Last summer, I borrowed Irene Nemirovsky's Fire in the Blood from the library. It is a collection of short stories set in rural France during and after World War II. They are fairly chilling depictions of human nature. None of these characters are people you'd want to spend a lot of time with.
But I wasn't able to borrow a copy of Suite Francaise, so I bought it and took it to New Orleans with me. I have been trying to figure out what to write about it since I finished it. Even if you don't take into account the fact that Nemirovsky had planned it to be a much bigger novel until the French police intervened, it's really extraordinary. My personal favorite is a narcissistic gentleman of letters, who meets his ignoble end (and he's been pretty ignoble all the way through) in a blacked-out Paris. You believe all these characters, their fears, their interior monologues, who collaborates and who doesn't, how far can one go before one is a traitor, their meals (food is key here).
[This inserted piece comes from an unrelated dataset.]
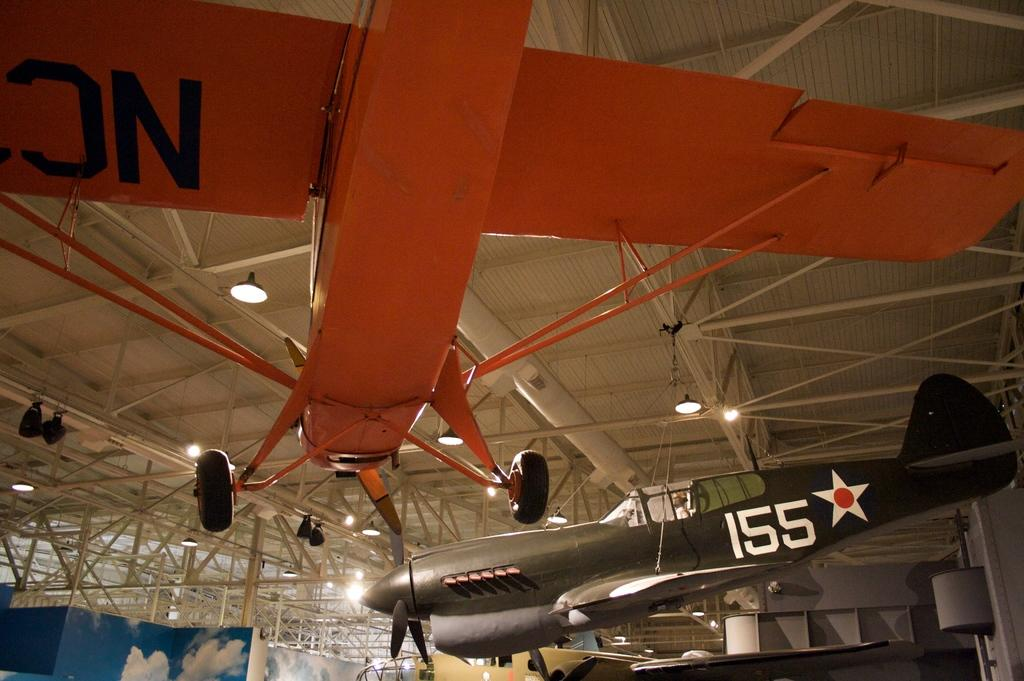<image>
Offer a succinct explanation of the picture presented. One of the planes on display bears the numbers 155 to the left of a white star with a circle in the middle.

The novel is as good as the hype.

Saturday, January 3, 2009

Dystopias


I’ve been reading voraciously lately, partly because I was recovering from surgery before Christmas, and knocked out by a bad flu after Christmas. Before Christmas, I read Zamyatin’s "We" in a Soviet literature anthology. I’d never heard of it, no idea it predated Huxley and Orwell. It is chilling, particularly given its Stalinist context. “1984” never did that much for me. I know that it was a classic and it was supposed to. But it seemed kind of forced to me.

A few years ago an off-off Broadway company advertised for a playwright to do an adaptation of Sinclair Lewis’s "It Can’t Happen Here." I remember reading it in my 20s, and talking about it with my brother. We were both intrigued by it- a novel about an Americanized fascist state. So I reread the novel, and got a hold of a copy of Lewis’ stage adaptation. The novel is a truly great idea that suffers in its execution. The characters are that well-drawn, the hero is pompous, the whole thing feels like it was written on deadline and the editing was minimal. It’s still a great idea. Unfortunately, Lewis’ stage adaptation (Dramatists Play Service) only exacerbates the novel’s problems.

I wrote sample scenes and a synopsis of my fairly loose adaptation. It was about three friends who went to Amherst College together, and how they grew up and grew apart. The female friend is taken away and forced to serve in the fascist breeding program (like the Nazi program, but using artificial insemination). One male friend is a newspaper/website editor who loses everything- both his girlfriend and his work. The other male friend, who was always sort of the comic relief guy in the trio, becomes a leader in the fascist regime.

But a few days ago I read a different British dystopia novel- Derek Raymond’s "A State of Denmark." It’s fantastic. It‘s set in the 1970s (a long time ago, granted, but like yesterday compared to how dated Orwell feels). England has been taken over by fascist leader Jobling, and he is out to not only to bring ordinary citizens into line, but to subjugate our hero, Richard Watt. Watt humiliated Jobling in the press before his election, and though Watt is happily living in Tuscany, Jobling manages to bring Watt within his reach. The writing is believable and compelling, and Raymond doesn’t pull any punches on the characters’ development or on the ending. It surprises me no one’s tried to film it.

The Start of Seltzer


The book review in the Times today is a biography of a British guy named Joseph Priestley. Like Ben Franklin and others of his time, he dabbled in scientific experiments. To me, Priestley’s greatest accomplishment was the invention of soda water, which I drink every day. It seems that Schweppes actually patented the process a few years later.